O meio de transporte usado foi adaptado para garantir um ambiente seguro, condizente com a altura e o peso de uma girafa. A embarcação, construída pelas comunidades locais, recebeu o nome de GiRaft (uma mistura das palavras "giraffe" e "raft", que no inglês significa jangada).

O GiRaft era uma barca de aço que flutuava sobre 60 tambores vazios enquanto era puxada por um barco a motor. Suas laterais foram reforçadas para manter os passageiros pescoçudos bem acomodados.

Girafas com mais de quatro metros de altura e quase uma tonelada não costumam se aventurar em viagens assim com frequência.

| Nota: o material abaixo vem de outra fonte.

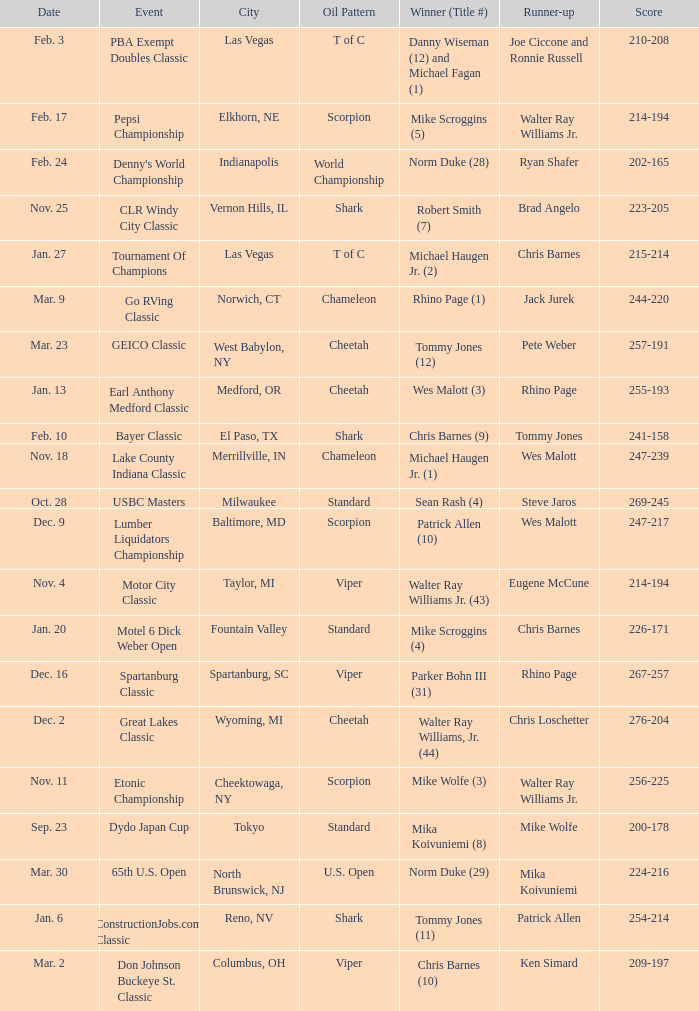Name the Event which has a Winner (Title #) of parker bohn iii (31)? Spartanburg Classic. 
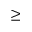Convert formula to latex. <formula><loc_0><loc_0><loc_500><loc_500>\geq</formula> 
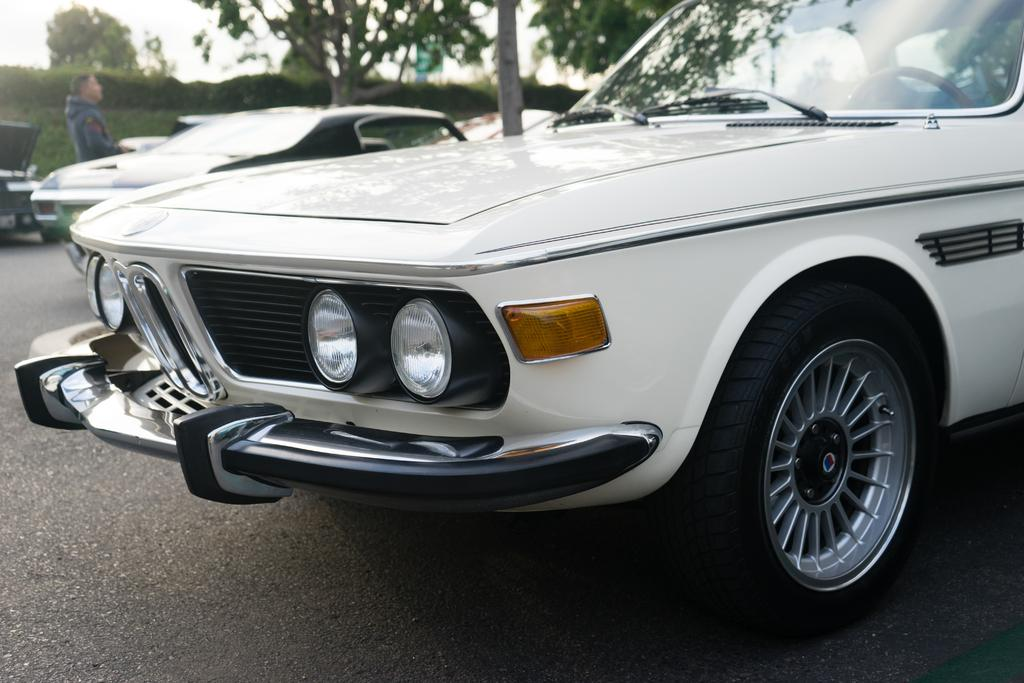What can be seen on the road in the image? There are vehicles on the road in the image. Can you describe the person in the image? There is a person in the image. What type of natural elements are visible in the background of the image? There are plants and trees in the background of the image. Where is the ornament located in the image? There is no ornament present in the image. Can you describe the lake in the image? There is no lake present in the image.

Por isso, os guardas da reserva Ruko trabalharam arduamente para acostumar cada animal à barca, deixando suas guloseimas favoritas (folhas de acácia, sementes e mangas) a bordo todos os dias para acostumá-las à ideia de entrar e sair de lá voluntariamente.

Uma a uma, elas foram transportadas por aproximadamente 1,6 km pelo lago até chegarem à margem.

Vitória para as girafas e para as pessoas

Na natureza, as populações de girafas em geral diminuíram cerca de 40% nas últimas três décadas, mas o número da subespécie de Rothschild diminuiu em aproximadamente 80%, tornando-se "indiscutivelmente uma das mais ameaçadas do mundo", de acordo com um estudo publicado em 2019 na revista African Journal of Ecology.

Elas já foram comuns no Quênia, em Uganda e no sul do Sudão. Agora, apenas cerca de 3.000 permanecem em populações isoladas nos dois primeiros países, dando maior urgência à missão de resgate. "Com as girafas em uma extinção silenciosa, esse resgate é um passo importante no apoio à sobrevivência da espécie", disse David O'Connor, presidente da organização Save Giraffes Now.

O plano a longo prazo é introduzir outras girafas de Rothschild de outras partes do Quênia no santuário, que tem capacidade de comportar até 50 indivíduos, a fim de criar uma população geneticamente saudável e que possa, eventualmente, ser liberada no ecossistema local.

O final feliz da história das girafas da ilha também reflete uma colaboração histórica entre as comunidades Pokot e Il Chamus, que uniram esforços de conservação após anos de conflito. "Esse é um exemplo de como a paz está ligada a tudo o mais - conservação, meios de subsistência, negócios, igualdade de gênero e governança", disse Rebby Sebei, gerente da Ruko Community Conservancy, em comunicado.

O diretor James Cheptulel, responsável pela segurança das girafas no santuário, completa: "Na minha equipe, há guardas florestais de ambas as comunidades. Apesar de nossas diferenças no passado, o que importa para nós agora é o trabalho que a unidade de conservação nos confiou."